→ RECORDS FOR THE EXERCISE
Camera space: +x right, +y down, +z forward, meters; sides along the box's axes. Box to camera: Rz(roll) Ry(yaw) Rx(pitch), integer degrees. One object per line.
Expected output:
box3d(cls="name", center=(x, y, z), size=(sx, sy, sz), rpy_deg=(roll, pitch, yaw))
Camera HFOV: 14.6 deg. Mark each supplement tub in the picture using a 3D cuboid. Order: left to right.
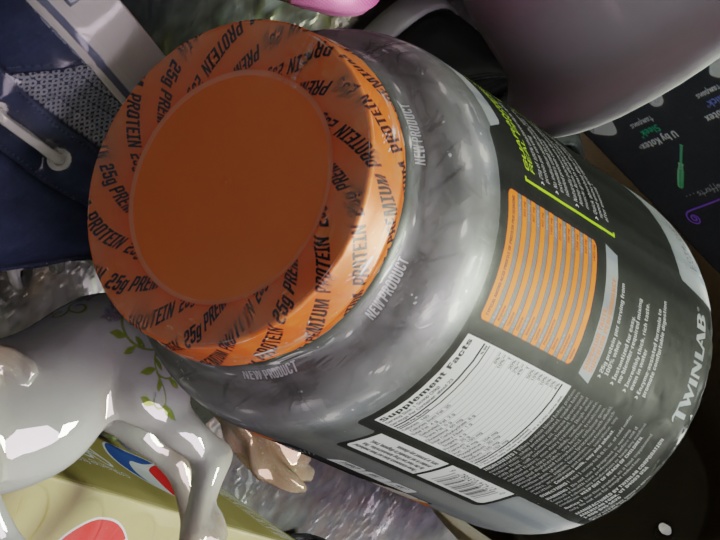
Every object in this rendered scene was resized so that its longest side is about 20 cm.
box3d(cls="supplement tub", center=(0.014, 0.003, 0.849), size=(0.123, 0.123, 0.200), rpy_deg=(-58, 144, 2))

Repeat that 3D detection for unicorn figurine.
box3d(cls="unicorn figurine", center=(-0.103, 0.050, 0.834), size=(0.200, 0.074, 0.137), rpy_deg=(-27, 104, -53))

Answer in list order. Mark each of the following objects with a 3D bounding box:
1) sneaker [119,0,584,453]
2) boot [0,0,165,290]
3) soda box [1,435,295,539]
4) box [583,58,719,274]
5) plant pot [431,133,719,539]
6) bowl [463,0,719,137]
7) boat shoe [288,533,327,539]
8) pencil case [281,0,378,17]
box3d(cls="sneaker", center=(0.000, 0.000, 0.993), size=(0.200, 0.099, 0.071), rpy_deg=(-51, 152, -8))
box3d(cls="boot", center=(-0.087, -0.029, 0.883), size=(0.090, 0.073, 0.200), rpy_deg=(-41, 146, -1))
box3d(cls="soda box", center=(-0.101, 0.095, 0.970), size=(0.068, 0.064, 0.200), rpy_deg=(-59, 150, 3))
box3d(cls="box", center=(0.178, -0.058, 1.008), size=(0.106, 0.200, 0.122), rpy_deg=(-24, -154, 53))
box3d(cls="plant pot", center=(0.101, 0.065, 1.152), size=(0.187, 0.187, 0.200), rpy_deg=(-48, 163, -15))
box3d(cls="bowl", center=(0.096, -0.144, 0.897), size=(0.090, 0.201, 0.201), rpy_deg=(46, 75, -16))
box3d(cls="boat shoe", center=(-0.014, 0.140, 1.067), size=(0.200, 0.073, 0.063), rpy_deg=(-164, -92, -80))
box3d(cls="pencil case", center=(-0.012, -0.180, 0.821), size=(0.091, 0.094, 0.200), rpy_deg=(13, 115, -11))
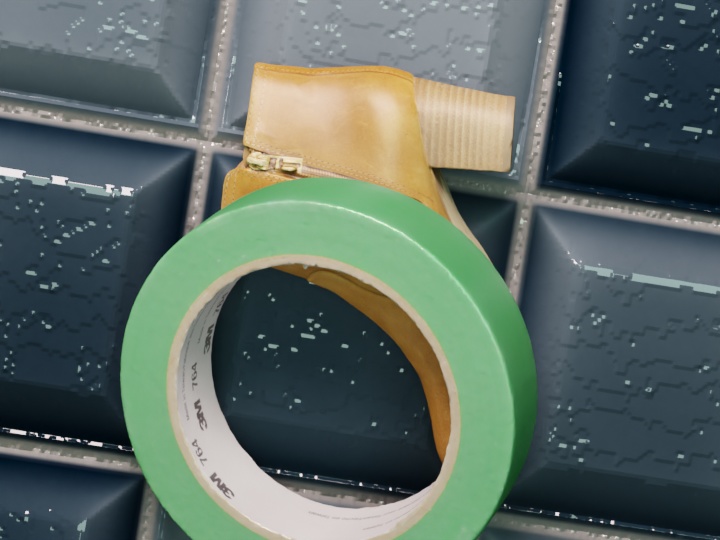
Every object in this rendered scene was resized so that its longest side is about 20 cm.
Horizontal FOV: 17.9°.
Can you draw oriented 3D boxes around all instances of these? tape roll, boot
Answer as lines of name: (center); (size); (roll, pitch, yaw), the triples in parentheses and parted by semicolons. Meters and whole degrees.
tape roll: (-0.016, 0.058, 1.101); (0.199, 0.048, 0.202); (5, 107, 18)
boot: (0.000, 0.000, 1.138); (0.143, 0.071, 0.202); (4, 96, 5)
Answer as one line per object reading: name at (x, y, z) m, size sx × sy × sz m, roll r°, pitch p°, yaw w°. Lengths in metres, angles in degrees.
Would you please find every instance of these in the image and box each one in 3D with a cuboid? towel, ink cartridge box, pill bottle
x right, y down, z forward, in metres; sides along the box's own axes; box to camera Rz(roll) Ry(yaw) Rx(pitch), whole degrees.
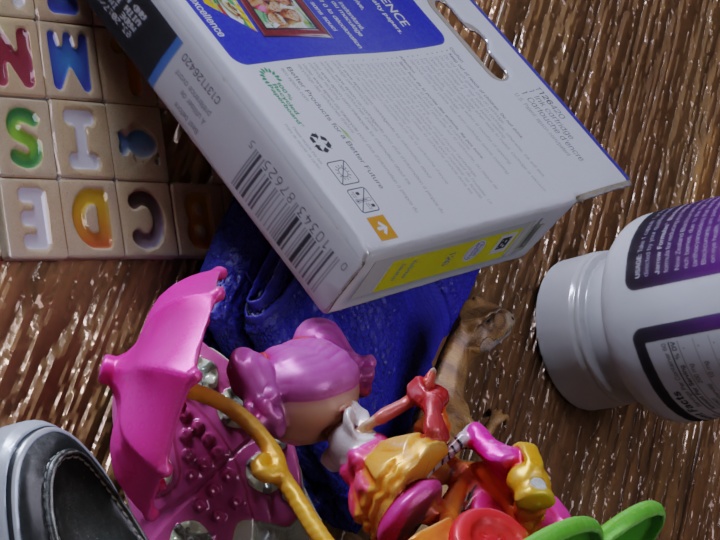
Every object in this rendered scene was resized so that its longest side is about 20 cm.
towel at (0.000, 0.000, 1.028) m, size 0.148 × 0.049 × 0.201 m, roll 56°, pitch 42°, yaw -30°
ink cartridge box at (-0.004, -0.082, 0.981) m, size 0.198 × 0.047 × 0.199 m, roll 51°, pitch 32°, yaw 19°
pill bottle at (0.193, 0.017, 1.149) m, size 0.111 × 0.199 × 0.112 m, roll 19°, pitch 66°, yaw -48°

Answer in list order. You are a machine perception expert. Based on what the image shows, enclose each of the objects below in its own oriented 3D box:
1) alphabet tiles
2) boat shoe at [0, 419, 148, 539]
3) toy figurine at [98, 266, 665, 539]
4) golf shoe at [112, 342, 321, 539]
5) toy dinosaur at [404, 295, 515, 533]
alphabet tiles at (-0.112, -0.087, 0.956) m, size 0.199 × 0.008 × 0.169 m, roll 0°, pitch 80°, yaw -52°
boat shoe at (-0.082, 0.146, 0.871) m, size 0.072 × 0.071 × 0.201 m, roll -38°, pitch 109°, yaw -49°
toy figurine at (-0.008, 0.073, 0.853) m, size 0.199 × 0.151 × 0.184 m, roll -23°, pitch 62°, yaw -43°
golf shoe at (-0.045, 0.121, 0.938) m, size 0.075 × 0.092 × 0.201 m, roll -28°, pitch 83°, yaw -11°
toy dinosaur at (0.028, 0.103, 0.993) m, size 0.107 × 0.060 × 0.201 m, roll 77°, pitch 20°, yaw -49°
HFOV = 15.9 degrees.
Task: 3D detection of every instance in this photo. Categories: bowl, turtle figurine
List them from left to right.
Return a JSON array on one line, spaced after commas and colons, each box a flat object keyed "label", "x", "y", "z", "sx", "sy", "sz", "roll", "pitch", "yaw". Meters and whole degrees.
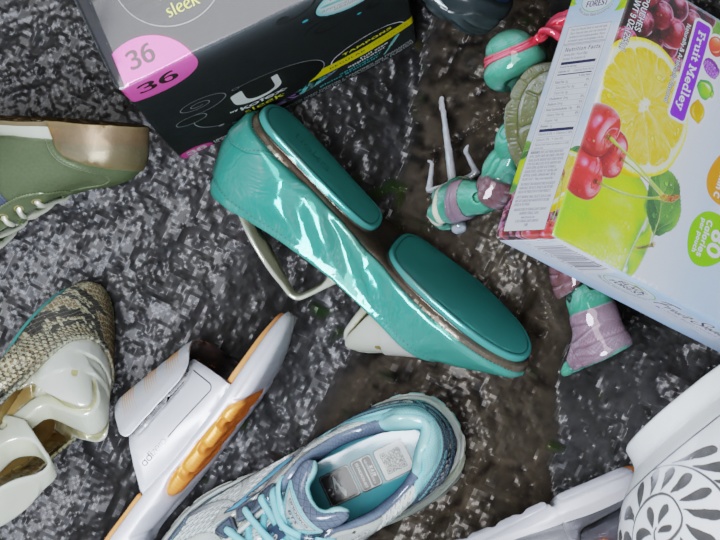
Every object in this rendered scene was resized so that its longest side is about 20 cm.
[{"label": "turtle figurine", "x": 0.105, "y": -0.056, "z": 1.345, "sx": 0.149, "sy": 0.101, "sz": 0.200, "roll": -27, "pitch": 88, "yaw": 1}, {"label": "bowl", "x": 0.191, "y": 0.097, "z": 1.259, "sx": 0.201, "sy": 0.201, "sz": 0.094, "roll": -39, "pitch": 77, "yaw": -1}]

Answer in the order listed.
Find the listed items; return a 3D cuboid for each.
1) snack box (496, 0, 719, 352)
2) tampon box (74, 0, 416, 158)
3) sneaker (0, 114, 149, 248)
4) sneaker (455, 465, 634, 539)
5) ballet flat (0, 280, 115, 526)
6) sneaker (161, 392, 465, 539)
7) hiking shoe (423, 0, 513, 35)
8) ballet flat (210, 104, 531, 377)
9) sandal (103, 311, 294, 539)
[{"label": "snack box", "x": 0.176, "y": -0.043, "z": 1.296, "sx": 0.200, "sy": 0.053, "sz": 0.143, "roll": 27, "pitch": 76, "yaw": -30}, {"label": "tampon box", "x": -0.066, "y": -0.158, "z": 1.313, "sx": 0.150, "sy": 0.200, "sz": 0.127, "roll": -26, "pitch": 83, "yaw": 2}, {"label": "sneaker", "x": -0.195, "y": -0.037, "z": 1.357, "sx": 0.200, "sy": 0.067, "sz": 0.090, "roll": 4, "pitch": 94, "yaw": 31}, {"label": "sneaker", "x": 0.078, "y": 0.188, "z": 1.325, "sx": 0.200, "sy": 0.078, "sz": 0.112, "roll": -25, "pitch": 81, "yaw": 1}, {"label": "ballet flat", "x": -0.176, "y": 0.088, "z": 1.329, "sx": 0.075, "sy": 0.068, "sz": 0.200, "roll": 15, "pitch": 52, "yaw": 43}, {"label": "sneaker", "x": -0.037, "y": 0.126, "z": 1.336, "sx": 0.200, "sy": 0.086, "sz": 0.078, "roll": -37, "pitch": 82, "yaw": -1}, {"label": "hiking shoe", "x": 0.057, "y": -0.223, "z": 1.345, "sx": 0.087, "sy": 0.074, "sz": 0.201, "roll": -23, "pitch": 67, "yaw": 41}, {"label": "ballet flat", "x": 0.000, "y": 0.000, "z": 1.363, "sx": 0.200, "sy": 0.067, "sz": 0.070, "roll": 42, "pitch": 115, "yaw": 2}, {"label": "sandal", "x": -0.111, "y": 0.095, "z": 1.349, "sx": 0.059, "sy": 0.079, "sz": 0.207, "roll": 37, "pitch": 89, "yaw": 5}]
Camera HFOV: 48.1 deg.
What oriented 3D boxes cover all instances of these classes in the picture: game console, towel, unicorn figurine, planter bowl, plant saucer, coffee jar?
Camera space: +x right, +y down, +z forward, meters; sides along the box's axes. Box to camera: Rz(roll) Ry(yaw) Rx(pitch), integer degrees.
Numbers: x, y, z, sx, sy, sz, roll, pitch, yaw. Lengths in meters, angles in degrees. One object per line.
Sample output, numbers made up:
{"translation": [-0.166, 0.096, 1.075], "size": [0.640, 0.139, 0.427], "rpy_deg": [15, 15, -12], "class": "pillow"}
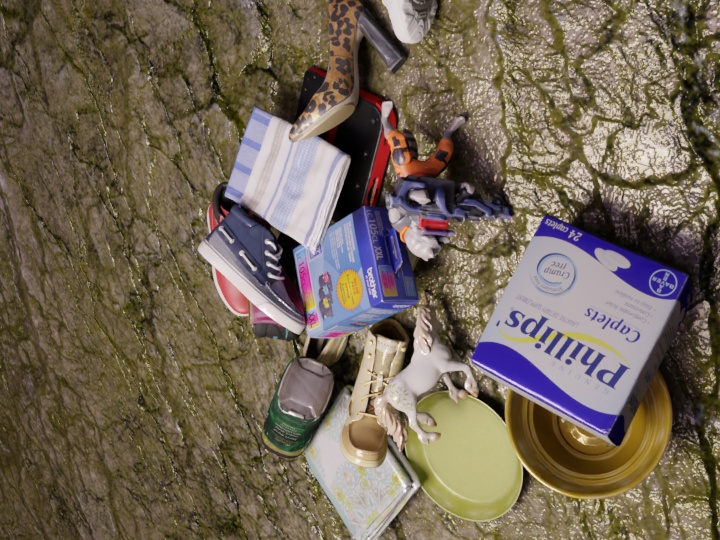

→ WHAT IS BEING ASKED
Of the lines above, copy only those from the one holding "Horizontal FOV: 17.9°." to the one holding "Task: 3D detection", both included, and exclude every image.

→ SOLUTION TO THIS EXERCISE
Horizontal FOV: 17.9°.
Can you draw oriented 3D boxes around all instances of these? tape roll, boot
Answer as lines of name: (center); (size); (roll, pitch, yaw), the triples in parentheses and parted by semicolons. Meters and whole degrees.
tape roll: (-0.016, 0.058, 1.101); (0.199, 0.048, 0.202); (5, 107, 18)
boot: (0.000, 0.000, 1.138); (0.143, 0.071, 0.202); (4, 96, 5)
Answer as one line per object reading: name at (x, y, z) m, size sx × sy × sz m, roll r°, pitch p°, yaw w°. Lengths in metres, angles in degrees.
Would you please find every instance of these in the image and box each one in 3D with a cuboid? towel, ink cartridge box, pill bottle
x right, y down, z forward, in metres; sides along the box's own axes; box to camera Rz(roll) Ry(yaw) Rx(pitch), whole degrees.
Every object in this rendered scene was resized so that its longest side is about 20 cm.
towel at (0.000, 0.000, 1.028) m, size 0.148 × 0.049 × 0.201 m, roll 56°, pitch 42°, yaw -30°
ink cartridge box at (-0.004, -0.082, 0.981) m, size 0.198 × 0.047 × 0.199 m, roll 51°, pitch 32°, yaw 19°
pill bottle at (0.193, 0.017, 1.149) m, size 0.111 × 0.199 × 0.112 m, roll 19°, pitch 66°, yaw -48°

Answer in list order. You are a machine perception expert. Based on what the image shows, enclose each of the objects below in its own oriented 3D box:
1) alphabet tiles
2) boat shoe at [0, 419, 148, 539]
3) toy figurine at [98, 266, 665, 539]
4) golf shoe at [112, 342, 321, 539]
5) toy dinosaur at [404, 295, 515, 533]
alphabet tiles at (-0.112, -0.087, 0.956) m, size 0.199 × 0.008 × 0.169 m, roll 0°, pitch 80°, yaw -52°
boat shoe at (-0.082, 0.146, 0.871) m, size 0.072 × 0.071 × 0.201 m, roll -38°, pitch 109°, yaw -49°
toy figurine at (-0.008, 0.073, 0.853) m, size 0.199 × 0.151 × 0.184 m, roll -23°, pitch 62°, yaw -43°
golf shoe at (-0.045, 0.121, 0.938) m, size 0.075 × 0.092 × 0.201 m, roll -28°, pitch 83°, yaw -11°
toy dinosaur at (0.028, 0.103, 0.993) m, size 0.107 × 0.060 × 0.201 m, roll 77°, pitch 20°, yaw -49°
HFOV = 15.9 degrees.
Task: 3D detection of every instance in this photo. Categories: bowl, turtle figurine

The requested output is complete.